For many Nigerians, terrorism did not become a phenomenon until 2009, when rapid attacks were carried out on a larger scale and by sophisticated means occurred. The recent attack on St Francis Church in Owo, Ondo State, in June 2022 only sadly reminds citizens that this menace has not been effectively neutralised. More importantly, the attack shows that members of terrorist groups in Nigeria can crisscross across the country unhindered, which is a disturbing pattern.
According to the United States government, terrorism means premeditated, politically motivated violence perpetrated against non-combatant targets by sub-national groups or clandestine agents, usually intended to influence an audience. In the same vein, the same government defines a terrorist group as any group practising or that has significant subgroups that practise international terrorism.
Simply put, terrorism involves illegal acts of violence by groups to strike fear into citizens and the government of a country or gather sympathy for an ideological cause. This is what has been happening in Nigeria continuously for over 13 years.
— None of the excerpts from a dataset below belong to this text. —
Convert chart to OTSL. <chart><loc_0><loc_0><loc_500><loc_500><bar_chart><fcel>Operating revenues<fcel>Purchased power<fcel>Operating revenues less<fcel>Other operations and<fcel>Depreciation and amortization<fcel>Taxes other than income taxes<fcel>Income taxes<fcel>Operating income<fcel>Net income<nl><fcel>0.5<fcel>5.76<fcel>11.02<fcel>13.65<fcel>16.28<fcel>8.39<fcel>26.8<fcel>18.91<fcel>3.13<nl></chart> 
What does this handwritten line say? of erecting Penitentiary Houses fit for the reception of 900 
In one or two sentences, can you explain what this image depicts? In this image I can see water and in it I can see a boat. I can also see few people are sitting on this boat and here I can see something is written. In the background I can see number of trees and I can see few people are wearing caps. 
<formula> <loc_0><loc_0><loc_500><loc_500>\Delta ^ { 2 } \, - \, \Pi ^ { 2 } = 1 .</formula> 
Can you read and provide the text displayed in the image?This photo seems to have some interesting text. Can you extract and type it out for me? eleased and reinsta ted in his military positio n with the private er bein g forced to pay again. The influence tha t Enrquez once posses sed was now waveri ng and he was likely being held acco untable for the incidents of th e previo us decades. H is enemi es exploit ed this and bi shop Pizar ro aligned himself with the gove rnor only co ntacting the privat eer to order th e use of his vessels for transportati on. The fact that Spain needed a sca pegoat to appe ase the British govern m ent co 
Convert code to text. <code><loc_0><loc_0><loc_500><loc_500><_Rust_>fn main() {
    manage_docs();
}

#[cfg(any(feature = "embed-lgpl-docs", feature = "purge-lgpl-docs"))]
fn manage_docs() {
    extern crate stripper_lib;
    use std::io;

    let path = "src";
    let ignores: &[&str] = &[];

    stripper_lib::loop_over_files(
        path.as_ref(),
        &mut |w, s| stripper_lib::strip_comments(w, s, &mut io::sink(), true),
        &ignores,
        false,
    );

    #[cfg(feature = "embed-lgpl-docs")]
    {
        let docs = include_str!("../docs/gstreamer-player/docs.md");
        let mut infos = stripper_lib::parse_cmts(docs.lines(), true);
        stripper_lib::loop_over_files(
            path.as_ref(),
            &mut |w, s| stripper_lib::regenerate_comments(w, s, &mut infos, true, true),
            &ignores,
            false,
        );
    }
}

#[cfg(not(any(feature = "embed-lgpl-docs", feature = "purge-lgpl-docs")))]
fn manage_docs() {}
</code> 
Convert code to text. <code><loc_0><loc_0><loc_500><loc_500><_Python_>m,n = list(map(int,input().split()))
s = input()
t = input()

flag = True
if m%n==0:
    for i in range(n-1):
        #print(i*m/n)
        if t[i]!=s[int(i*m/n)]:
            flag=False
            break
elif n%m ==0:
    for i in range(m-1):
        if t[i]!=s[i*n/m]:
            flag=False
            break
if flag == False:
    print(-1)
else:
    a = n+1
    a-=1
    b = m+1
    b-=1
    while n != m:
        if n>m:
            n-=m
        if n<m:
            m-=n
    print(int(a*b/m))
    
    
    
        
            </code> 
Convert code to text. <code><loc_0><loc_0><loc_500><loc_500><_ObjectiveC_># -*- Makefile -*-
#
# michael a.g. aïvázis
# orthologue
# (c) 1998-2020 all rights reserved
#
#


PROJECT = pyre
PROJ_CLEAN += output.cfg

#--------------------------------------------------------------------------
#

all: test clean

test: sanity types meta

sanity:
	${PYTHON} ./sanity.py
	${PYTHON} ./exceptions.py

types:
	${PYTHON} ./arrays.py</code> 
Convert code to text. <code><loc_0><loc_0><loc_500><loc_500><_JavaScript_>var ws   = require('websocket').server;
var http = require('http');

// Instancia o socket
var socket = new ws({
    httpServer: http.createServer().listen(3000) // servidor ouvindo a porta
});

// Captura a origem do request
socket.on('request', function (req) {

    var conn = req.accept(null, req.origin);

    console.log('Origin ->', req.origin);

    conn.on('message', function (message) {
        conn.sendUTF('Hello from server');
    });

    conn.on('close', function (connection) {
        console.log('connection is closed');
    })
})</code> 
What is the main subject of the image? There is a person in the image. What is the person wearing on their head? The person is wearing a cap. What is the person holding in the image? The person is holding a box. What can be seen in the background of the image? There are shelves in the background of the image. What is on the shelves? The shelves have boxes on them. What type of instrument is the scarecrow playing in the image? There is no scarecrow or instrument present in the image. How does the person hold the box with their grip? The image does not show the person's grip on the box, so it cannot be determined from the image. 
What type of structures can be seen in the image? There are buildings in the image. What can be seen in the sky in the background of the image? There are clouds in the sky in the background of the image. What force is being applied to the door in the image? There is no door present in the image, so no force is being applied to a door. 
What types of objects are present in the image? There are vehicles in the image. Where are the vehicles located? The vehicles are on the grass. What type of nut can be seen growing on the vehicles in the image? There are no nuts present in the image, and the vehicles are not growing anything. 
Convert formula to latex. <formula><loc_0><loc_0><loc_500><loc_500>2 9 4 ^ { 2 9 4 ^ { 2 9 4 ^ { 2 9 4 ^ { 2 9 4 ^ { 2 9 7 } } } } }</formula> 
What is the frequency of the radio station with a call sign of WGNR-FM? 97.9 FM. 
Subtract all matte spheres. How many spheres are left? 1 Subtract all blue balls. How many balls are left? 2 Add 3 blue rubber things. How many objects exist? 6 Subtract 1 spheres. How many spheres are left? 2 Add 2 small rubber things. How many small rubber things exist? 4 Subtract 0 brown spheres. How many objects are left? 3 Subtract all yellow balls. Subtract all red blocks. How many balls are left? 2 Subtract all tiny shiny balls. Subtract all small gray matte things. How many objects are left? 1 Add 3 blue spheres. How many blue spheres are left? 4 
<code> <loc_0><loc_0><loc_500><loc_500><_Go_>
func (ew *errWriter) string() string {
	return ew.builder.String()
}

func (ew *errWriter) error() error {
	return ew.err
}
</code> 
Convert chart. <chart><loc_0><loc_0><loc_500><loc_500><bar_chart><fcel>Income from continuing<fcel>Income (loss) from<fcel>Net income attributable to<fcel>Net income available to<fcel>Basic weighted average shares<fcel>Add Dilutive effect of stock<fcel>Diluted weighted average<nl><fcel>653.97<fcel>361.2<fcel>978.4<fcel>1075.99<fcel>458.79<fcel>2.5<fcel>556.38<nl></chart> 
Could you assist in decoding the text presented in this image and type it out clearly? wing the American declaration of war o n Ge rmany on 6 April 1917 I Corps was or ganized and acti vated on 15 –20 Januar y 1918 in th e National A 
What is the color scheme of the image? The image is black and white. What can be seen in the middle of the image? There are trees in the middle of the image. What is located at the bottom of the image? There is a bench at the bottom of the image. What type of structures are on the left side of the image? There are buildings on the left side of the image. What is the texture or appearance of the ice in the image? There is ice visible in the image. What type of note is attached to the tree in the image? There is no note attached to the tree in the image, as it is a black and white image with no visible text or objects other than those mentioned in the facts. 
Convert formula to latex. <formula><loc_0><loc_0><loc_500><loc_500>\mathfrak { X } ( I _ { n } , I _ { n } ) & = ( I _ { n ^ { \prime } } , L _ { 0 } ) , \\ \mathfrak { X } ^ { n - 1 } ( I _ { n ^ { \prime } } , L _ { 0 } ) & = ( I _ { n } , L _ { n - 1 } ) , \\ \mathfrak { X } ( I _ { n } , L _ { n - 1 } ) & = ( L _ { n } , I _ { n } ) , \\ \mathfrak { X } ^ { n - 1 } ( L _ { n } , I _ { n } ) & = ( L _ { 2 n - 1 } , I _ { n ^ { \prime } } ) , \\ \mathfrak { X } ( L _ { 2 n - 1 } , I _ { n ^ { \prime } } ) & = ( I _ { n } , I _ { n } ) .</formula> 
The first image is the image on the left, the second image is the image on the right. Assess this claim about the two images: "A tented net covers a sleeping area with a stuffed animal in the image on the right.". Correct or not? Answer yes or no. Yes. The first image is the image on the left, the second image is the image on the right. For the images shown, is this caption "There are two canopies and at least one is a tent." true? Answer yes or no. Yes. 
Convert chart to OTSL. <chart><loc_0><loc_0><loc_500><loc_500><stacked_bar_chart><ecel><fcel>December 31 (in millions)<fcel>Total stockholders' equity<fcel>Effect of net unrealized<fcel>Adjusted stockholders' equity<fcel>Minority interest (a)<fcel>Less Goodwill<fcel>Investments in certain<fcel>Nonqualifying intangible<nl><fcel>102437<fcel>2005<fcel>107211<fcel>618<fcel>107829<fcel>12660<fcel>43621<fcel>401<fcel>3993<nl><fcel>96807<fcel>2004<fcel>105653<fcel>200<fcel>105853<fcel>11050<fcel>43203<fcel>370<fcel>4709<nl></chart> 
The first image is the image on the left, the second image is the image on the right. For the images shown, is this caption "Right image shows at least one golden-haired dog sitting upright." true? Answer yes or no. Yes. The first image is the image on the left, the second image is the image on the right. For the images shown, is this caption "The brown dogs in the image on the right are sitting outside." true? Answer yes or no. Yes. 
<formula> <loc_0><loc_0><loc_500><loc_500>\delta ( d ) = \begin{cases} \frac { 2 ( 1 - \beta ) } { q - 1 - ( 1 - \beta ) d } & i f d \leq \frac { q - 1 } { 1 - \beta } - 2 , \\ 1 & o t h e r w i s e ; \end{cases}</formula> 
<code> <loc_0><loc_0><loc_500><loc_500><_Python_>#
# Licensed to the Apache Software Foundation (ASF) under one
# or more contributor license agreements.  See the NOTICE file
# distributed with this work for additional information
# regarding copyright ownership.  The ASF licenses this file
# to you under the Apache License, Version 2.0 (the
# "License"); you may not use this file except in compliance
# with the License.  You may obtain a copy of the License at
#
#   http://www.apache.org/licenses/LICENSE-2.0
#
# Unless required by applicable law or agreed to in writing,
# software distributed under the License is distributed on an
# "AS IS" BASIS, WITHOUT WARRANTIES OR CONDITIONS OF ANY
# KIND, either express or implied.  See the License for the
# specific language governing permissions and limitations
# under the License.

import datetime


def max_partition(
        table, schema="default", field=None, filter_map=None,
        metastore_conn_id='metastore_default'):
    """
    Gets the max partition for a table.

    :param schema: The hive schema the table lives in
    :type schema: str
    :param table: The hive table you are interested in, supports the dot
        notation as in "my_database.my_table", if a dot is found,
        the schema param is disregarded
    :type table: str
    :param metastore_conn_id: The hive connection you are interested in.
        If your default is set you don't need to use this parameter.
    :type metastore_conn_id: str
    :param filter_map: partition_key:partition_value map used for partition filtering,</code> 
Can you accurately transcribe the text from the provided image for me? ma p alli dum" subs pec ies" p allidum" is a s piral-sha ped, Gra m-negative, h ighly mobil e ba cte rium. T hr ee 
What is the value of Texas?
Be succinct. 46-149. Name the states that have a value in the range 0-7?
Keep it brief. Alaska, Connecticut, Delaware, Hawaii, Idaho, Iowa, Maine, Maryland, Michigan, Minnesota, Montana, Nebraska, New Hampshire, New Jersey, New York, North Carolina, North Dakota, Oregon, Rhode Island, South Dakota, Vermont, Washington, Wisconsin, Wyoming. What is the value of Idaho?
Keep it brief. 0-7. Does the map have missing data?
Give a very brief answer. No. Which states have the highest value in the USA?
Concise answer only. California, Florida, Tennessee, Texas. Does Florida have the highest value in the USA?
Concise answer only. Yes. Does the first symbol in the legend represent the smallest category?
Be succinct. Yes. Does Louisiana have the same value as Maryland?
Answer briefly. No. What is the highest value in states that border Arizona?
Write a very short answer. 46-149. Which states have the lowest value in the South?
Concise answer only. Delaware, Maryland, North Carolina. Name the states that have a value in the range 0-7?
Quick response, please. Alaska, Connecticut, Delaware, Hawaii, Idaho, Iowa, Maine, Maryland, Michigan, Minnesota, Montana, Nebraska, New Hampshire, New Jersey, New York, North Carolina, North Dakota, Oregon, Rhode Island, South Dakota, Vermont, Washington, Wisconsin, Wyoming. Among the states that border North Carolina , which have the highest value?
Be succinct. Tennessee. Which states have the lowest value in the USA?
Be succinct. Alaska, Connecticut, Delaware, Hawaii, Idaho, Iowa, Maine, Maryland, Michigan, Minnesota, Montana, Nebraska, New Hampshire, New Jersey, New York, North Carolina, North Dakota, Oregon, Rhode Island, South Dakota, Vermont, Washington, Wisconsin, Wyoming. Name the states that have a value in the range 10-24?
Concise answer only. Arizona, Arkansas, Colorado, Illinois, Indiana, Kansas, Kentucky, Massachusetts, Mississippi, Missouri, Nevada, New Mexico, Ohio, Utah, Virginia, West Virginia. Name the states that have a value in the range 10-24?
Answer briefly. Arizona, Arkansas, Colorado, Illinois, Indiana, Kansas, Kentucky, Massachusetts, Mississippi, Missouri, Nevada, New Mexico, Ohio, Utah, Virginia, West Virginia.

A person or group of persons deliberately commit homicide to send a message to the government, using acts such as bombings, sabotage, assassination, and mass violence to wreak havoc at the expense of the lives and businesses of majorly defenceless people.
Terrorists are deemed as outlaws by both Nigerian and international law, yet they continue to have a field day, killing innocent citizens. So, who are these terrorists? Why have they remained unstoppable, and what are the best means to tackle them effectively?
History of terror groups in Nigeria
As earlier stated, terrorism became prevalent in Nigeria in 2009 with the rise of the insurgent group Boko Haram. However, the origin of terrorism in the West African nation can be traced back to the activities of the Niger Delta Volunteer Force (NDVF) shortly after independence. The NDVF was an armed militia group led by Isaac Adaka Boro, an Ijaw nationalist, and the group used force to demand self-determination for the Niger Delta.
The militant group, in February 1966, just over a year before the Nigerian Civil War began, attacked a police station, ransacked the armoury, and abducted some officers, including the officer in charge of the police station. They also blew up oil pipelines, declared the “Independent Republic of Niger Delta,” and engaged the police in a gunfight. They were ultimately subdued by the Nigerian military.
The country remained relatively calm after the Boro episode and the civil war in terms of large-scale violence until the Maitatsine uprisings of the 1980s. The Maitatsine was a group that attempted to impose a religious ideology through the use of force. Initially, several confrontations occurred between Mohammed Marwa, the Cameroonian-born propagator of the Maitatsine sect, and his adherents against the police in the 1970s. Marwa condemned Western culture, education, and technology, and his Yan Tatsine movement swelled with numerous followers.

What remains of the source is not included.